There's a devstack plugin. You can add this plugin to your local.conf and see it working. You'll want to get VPP and the VPP Python bindings set up on the host before you do that. Follow the steps in the How to install section below for more details.
To get the best performance, this will use vhostuser sockets to talk to VMs, which means you need a modern version of your OS (CentOS 7 and Ubuntu 16.04 look good). It also means that you need to run your VMs with a special flavor that enables shared memory - basically, you need to set up hugepages for your VMs, as that's the only supported way Nova does this today. Because you're using pinned shared memory you are going to find you can't overcommit memory on the target machine.
I've tested this on Ubuntu 16.04. Others have tried it with CentOS 7.2. You may need to disable libvirt security for qemu, as libvirt doesn't play well with vhostuser sockets in its default setup. CentOS testing is ongoing. An initial CentOS 7 guide can be found at CENTOS_7-guide.rst
Today, it supports VLANs and flat networks.
VPP has physical interface nominated as the physical networks. In common with other Neutron drivers, each physical network can be used as a flat or VLAN network, for either fully virtual tenant networks or for provider networks. When a VLAN-overlay network is needed on a host, we create a subinterface with the selected VLAN (the typedriver chooses the VLAN, we don't do anything clever about that). For all networks, the agent makes a new bridge domain in VPP and puts the subinterface or host interface into it. Binding a port involves putting the port into the same bridge domain.
This mechanism driver takes two approaches. It doesn't do anything at all until Neutron needs to drop traffic on a compute host, so the only thing it's really interested in is ports.
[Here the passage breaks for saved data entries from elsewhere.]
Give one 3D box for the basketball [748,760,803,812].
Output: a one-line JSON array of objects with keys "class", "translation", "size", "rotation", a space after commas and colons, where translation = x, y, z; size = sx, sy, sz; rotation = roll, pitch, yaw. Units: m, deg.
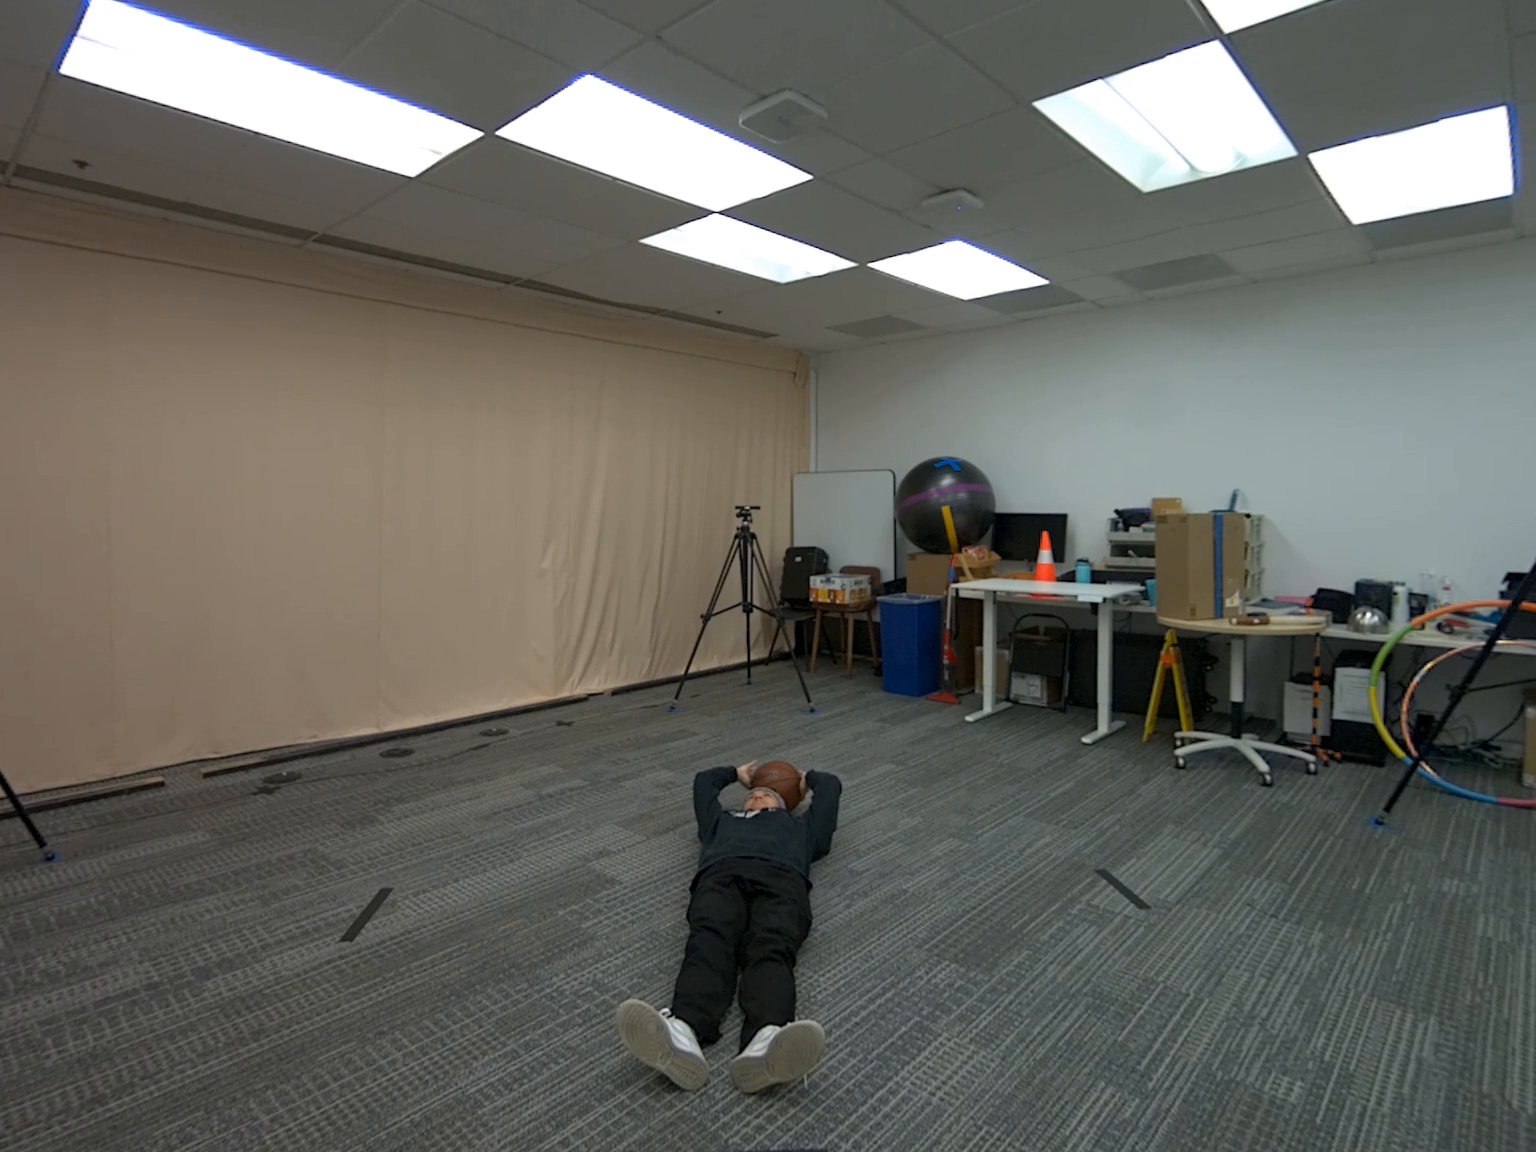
[{"class": "basketball", "translation": [0.049, 0.952, 3.807], "size": [0.236, 0.235, 0.237], "rotation": [0, 4, -2]}]
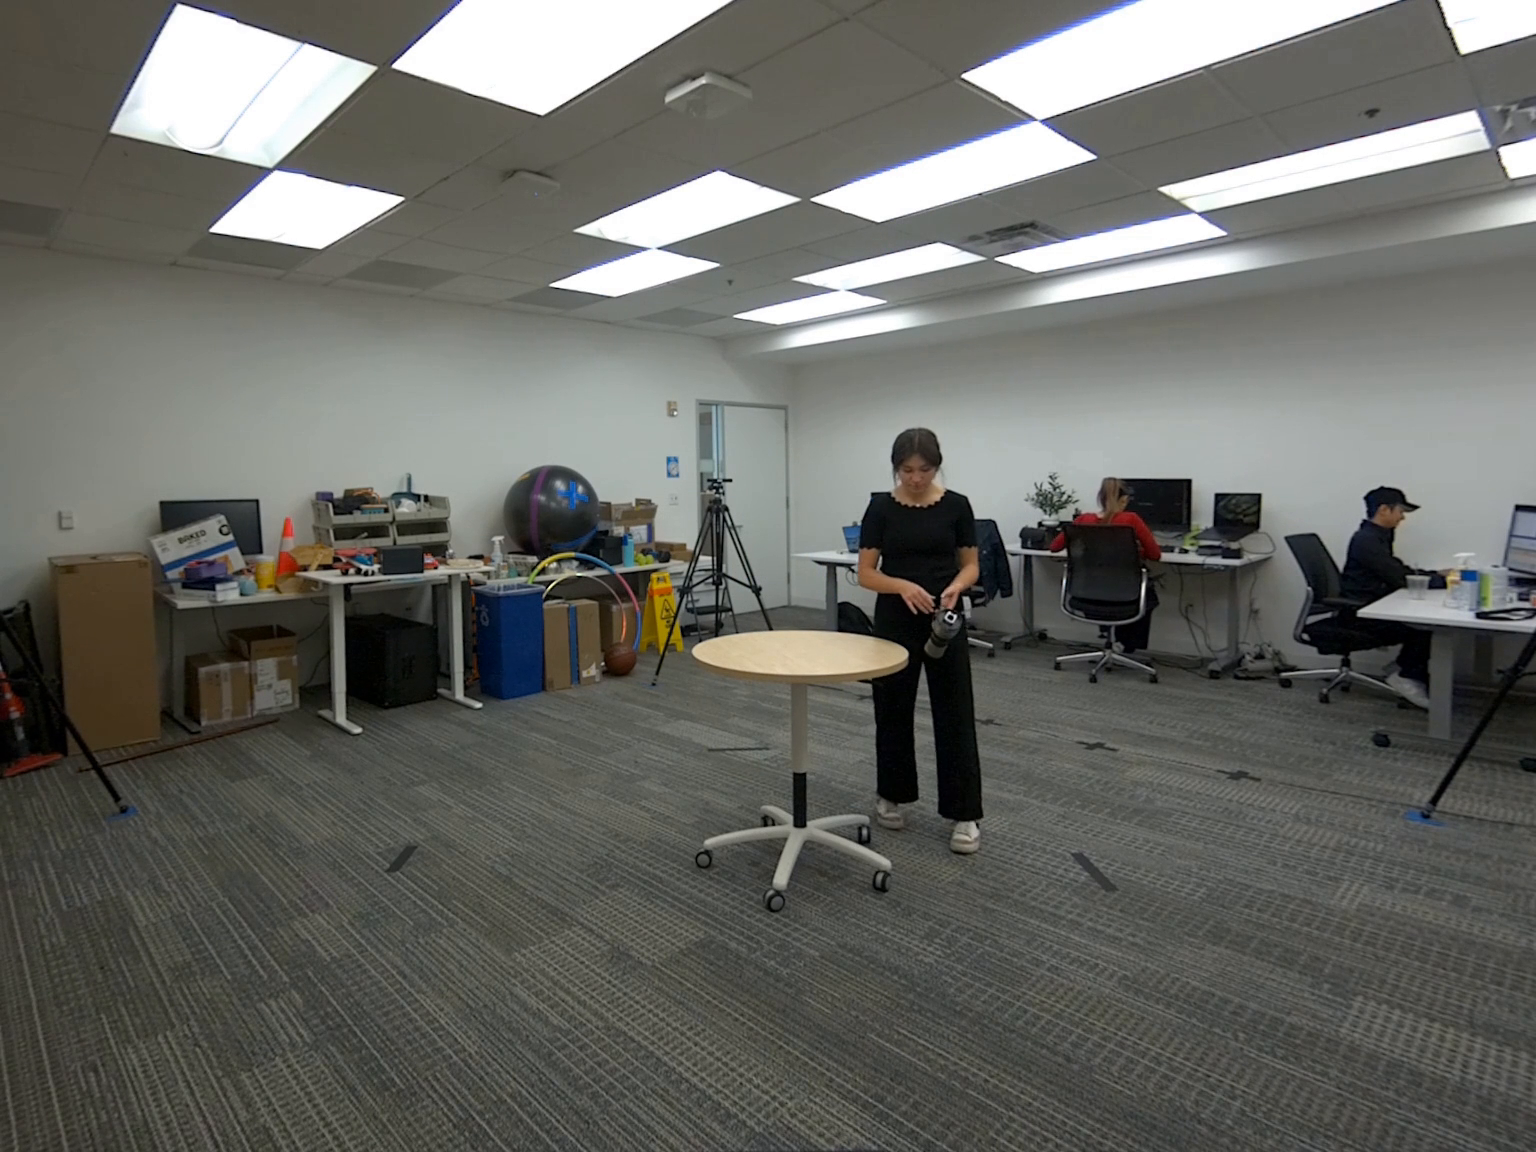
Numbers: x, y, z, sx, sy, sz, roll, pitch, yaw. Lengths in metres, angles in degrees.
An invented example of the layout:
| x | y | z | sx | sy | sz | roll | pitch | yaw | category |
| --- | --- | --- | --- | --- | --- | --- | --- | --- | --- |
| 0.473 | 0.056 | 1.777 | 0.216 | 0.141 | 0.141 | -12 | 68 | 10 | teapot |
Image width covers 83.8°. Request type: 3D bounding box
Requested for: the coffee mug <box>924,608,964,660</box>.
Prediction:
| x | y | z | sx | sy | sz | roll | pitch | yaw | category |
| --- | --- | --- | --- | --- | --- | --- | --- | --- | --- |
| 0.639 | 0.203 | 3.097 | 0.091 | 0.198 | 0.121 | 38 | 57 | 25 | coffee mug |

Making a network or a subnet doesn't do anything at all, so there are no entry points for the network and subnet operations. And it mainly interests itself in the process of binding: the bind calls determine if it has work to do, and the port postcommit calls make sure that, when a binding takes, the VPP forwarders in the system get appropriately programmed to put the traffic where Nova expects it.
There are a number of calls that a mechanism driver can implement. The precommit calls determine if a create, update or delete is acceptable and stop it before it hits the database; they can also update additional database tables. The postcommit calls allow you to act once the network change is permanently recorded. These two calls, on ports, are what we use.
In our case, we add a write to a journal table to the DB commit from within the precommit. This is not committed if the commit fails for other reasons.
The postcommit calls are where you should trigger actions based on an update that's now been accepted and saved (you can't back down at that point) - but the tenant is still waiting for an answer, so it's wise to be quick. In our case, we kick a background thread to push the journal log out, in order, to etcd. etcd then contains the desired state of each host agent, and the agents monitor etcd for changes relevant to them and update their state.
To ensure binding is done correctly, we send Nova a notification only when the agent has definitely created the structures in VPP necessary for the port to work. This is generally a good idea but for vhost-user connections it's particularly important as QEMU goes into a funny state if you start it with vhost-user sockets that don't connect immediately. This state tends to confuse libvirt and nova; for that reason, we recommend you make VIF plugging failures fatal with the relevant Nova config option, so that a VM is never started with ports that haven't been properly bound and configured.
Additionally, there are some helper calls to determine if this mechanism driver, in conjunction with the other ones on the system, needs to do anything. In some cases it may not be responsible for the port at all.
This uses the Python module Ole Troan added to VPP to interface with the forwarder. VPP has an admin channel, implemented as a couple of shared memory queues, to exchange control messages with VPP. The Python bindings are a very thin layer between that shared memory system and a set of Python APIs.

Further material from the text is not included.